[Stored dataset items]
....

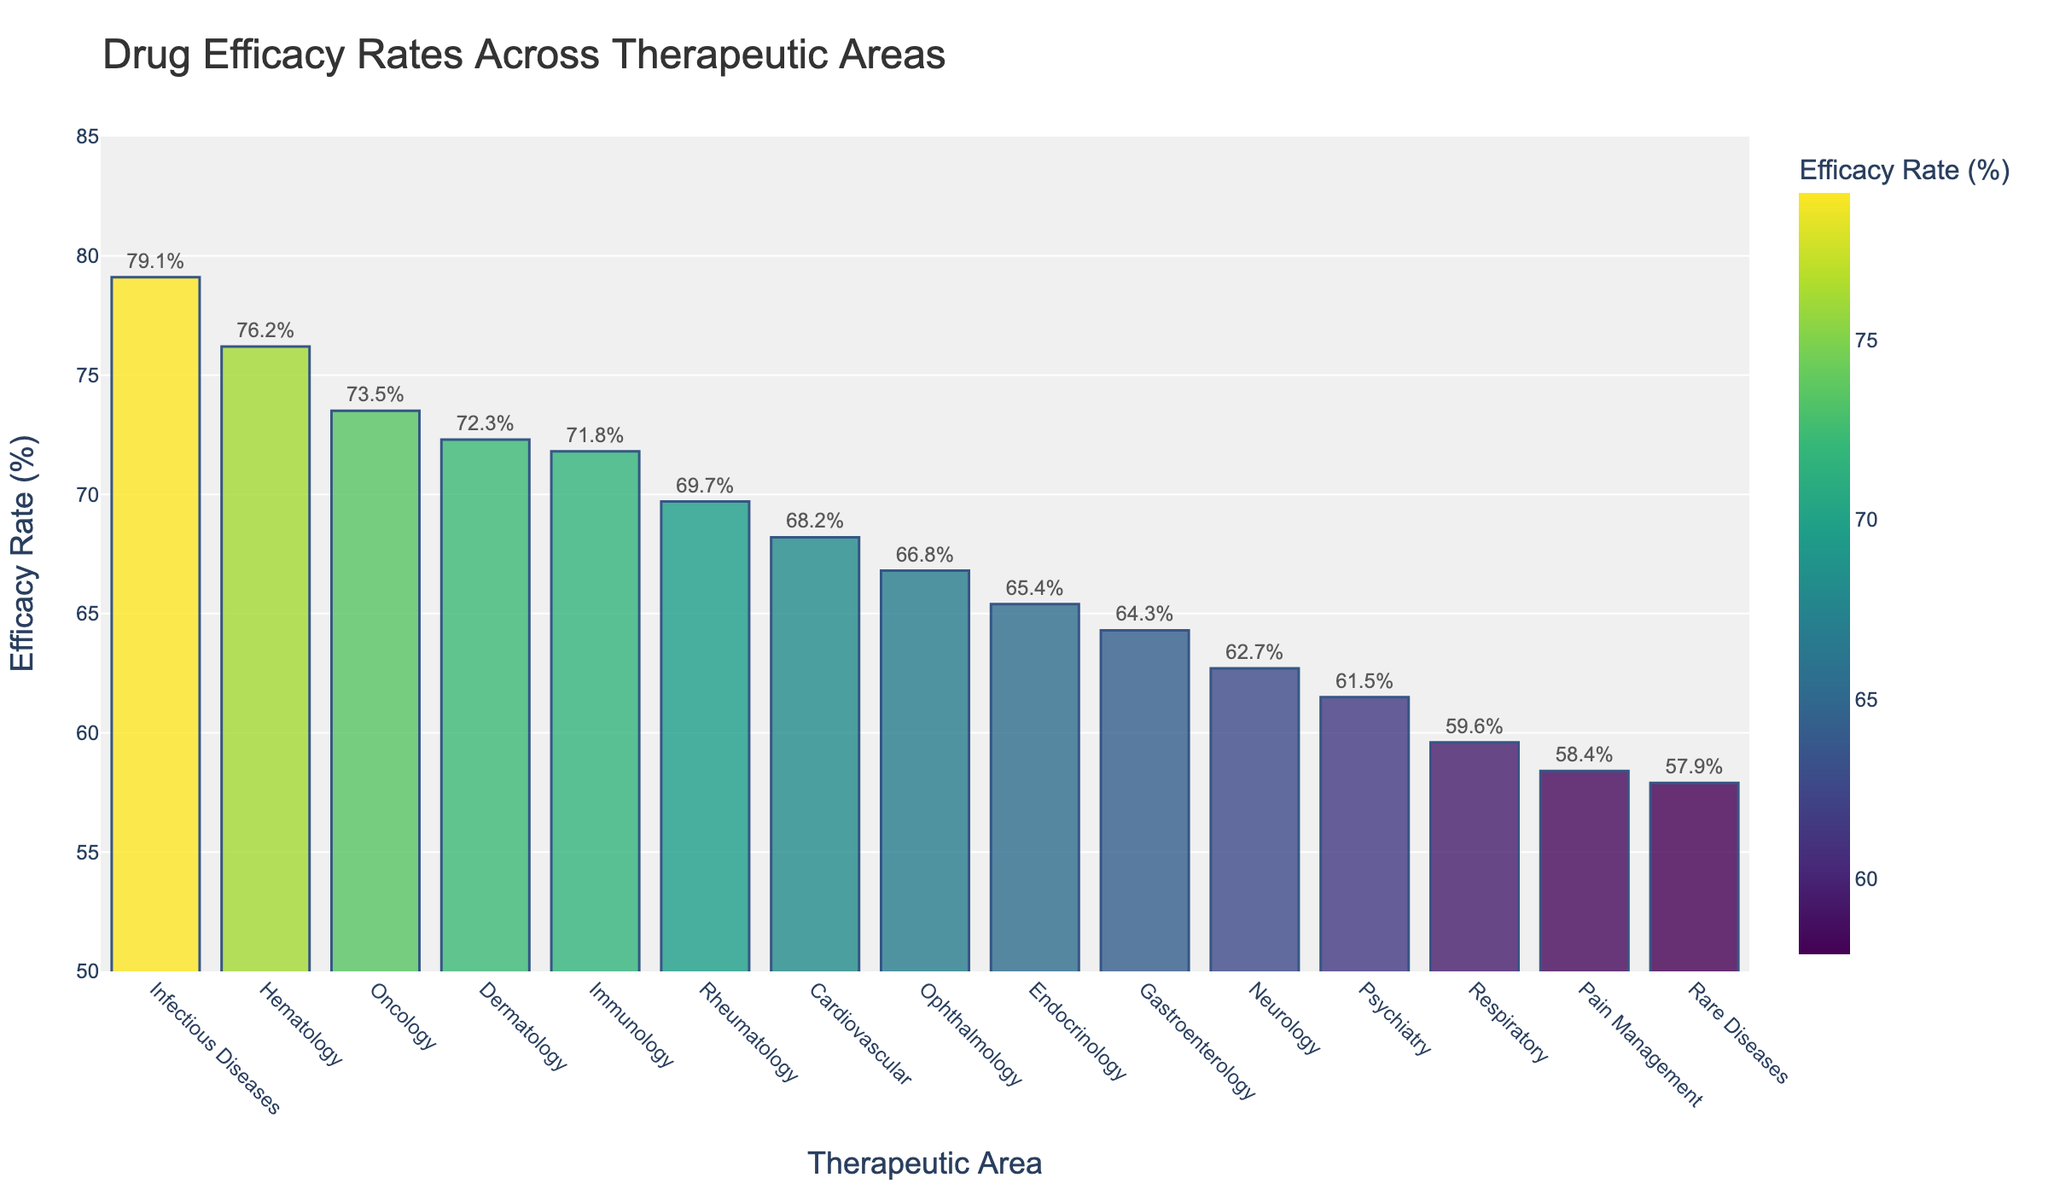Which therapeutic area has the highest drug efficacy rate? By visually inspecting the bar chart, we can identify the tallest bar. The therapeutic area with the highest bar represents the one with the highest drug efficacy rate.
Answer: Infectious Diseases Which therapeutic area has the lowest drug efficacy rate? Observing the bar chart, we look for the shortest bar as it represents the lowest drug efficacy rate among all therapeutic areas.
Answer: Rare Diseases How much higher is the efficacy rate of Oncology compared to Psychiatry? Locate the bars for Oncology and Psychiatry by the therapeutic areas on the x-axis. The height difference between these bars corresponds to their efficacy rate difference. Oncology is 73.5%, and Psychiatry is 61.5%. The calculation is 73.5% - 61.5% = 12%.
Answer: 12% What is the average efficacy rate of Oncology, Hematology, and Dermatology? Find the efficacy rates for the three therapeutic areas: Oncology (73.5%), Hematology (76.2%), and Dermatology (72.3%). Add these rates: 73.5 + 76.2 + 72.3 = 222. Divide the sum by 3 to find the average: 222 / 3 = 74%.
Answer: 74% Are there more therapeutic areas with efficacy rates above or below 65%? By counting the number of bars above and below the 65% mark, we determine how many therapeutic areas fall into each category. There are 8 therapeutic areas above 65% and 7 below.
Answer: Above Which two therapeutic areas have an efficacy rate closest to each other? Identifying bars with heights very close to each other, we find the efficacy rates for these therapeutic areas. Ophthalmology (66.8%) and Endocrinology (65.4%) have a small difference of 66.8% - 65.4% = 1.4%.
Answer: Ophthalmology and Endocrinology How much greater is the efficacy rate of Cardiovascular compared to Pain Management? Locate the bars for Cardiovascular and Pain Management. Cardiovascular is 68.2%, and Pain Management is 58.4%. The difference is calculated as 68.2% - 58.4% = 9.8%.
Answer: 9.8% Which therapeutic area has a higher efficacy rate: Neurology or Rheumatology? By comparing the heights of the bars for Neurology (62.7%) and Rheumatology (69.7%), we can determine which is higher. Rheumatology is higher than Neurology.
Answer: Rheumatology What is the range of drug efficacy rates across all therapeutic areas? Identify the highest and lowest efficacy rates from the chart. The highest is 79.1% (Infectious Diseases) and the lowest is 57.9% (Rare Diseases). The range is 79.1% - 57.9% = 21.2%.
Answer: 21.2% What is the total combined efficacy rate for Endocrinology, Gastroenterology, and Ophthalmology? Retrieve the efficacy rates: Endocrinology (65.4%), Gastroenterology (64.3%), and Ophthalmology (66.8%). Sum these values: 65.4 + 64.3 + 66.8 = 196.5%.
Answer: 196.5% 
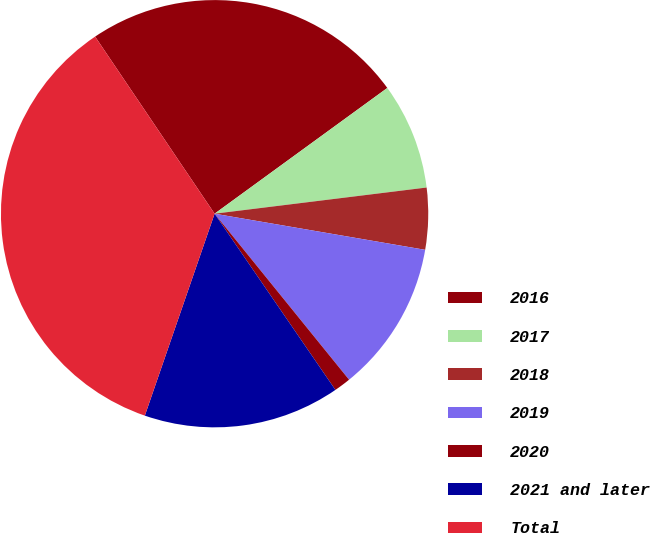<chart> <loc_0><loc_0><loc_500><loc_500><pie_chart><fcel>2016<fcel>2017<fcel>2018<fcel>2019<fcel>2020<fcel>2021 and later<fcel>Total<nl><fcel>24.43%<fcel>8.06%<fcel>4.66%<fcel>11.46%<fcel>1.27%<fcel>14.86%<fcel>35.26%<nl></chart>

....

### Work item
Look through the data above and report every line in which "each" appears.

### Completed exercise
Answer: 74% Are there more therapeutic areas with efficacy rates above or below 65%? By counting the number of bars above and below the 65% mark, we determine how many therapeutic areas fall into each category. There are 8 therapeutic areas above 65% and 7 below.
Answer: Above Which two therapeutic areas have an efficacy rate closest to each other? Identifying bars with heights very close to each other, we find the efficacy rates for these therapeutic areas. Ophthalmology (66.8%) and Endocrinology (65.4%) have a small difference of 66.8% - 65.4% = 1.4%.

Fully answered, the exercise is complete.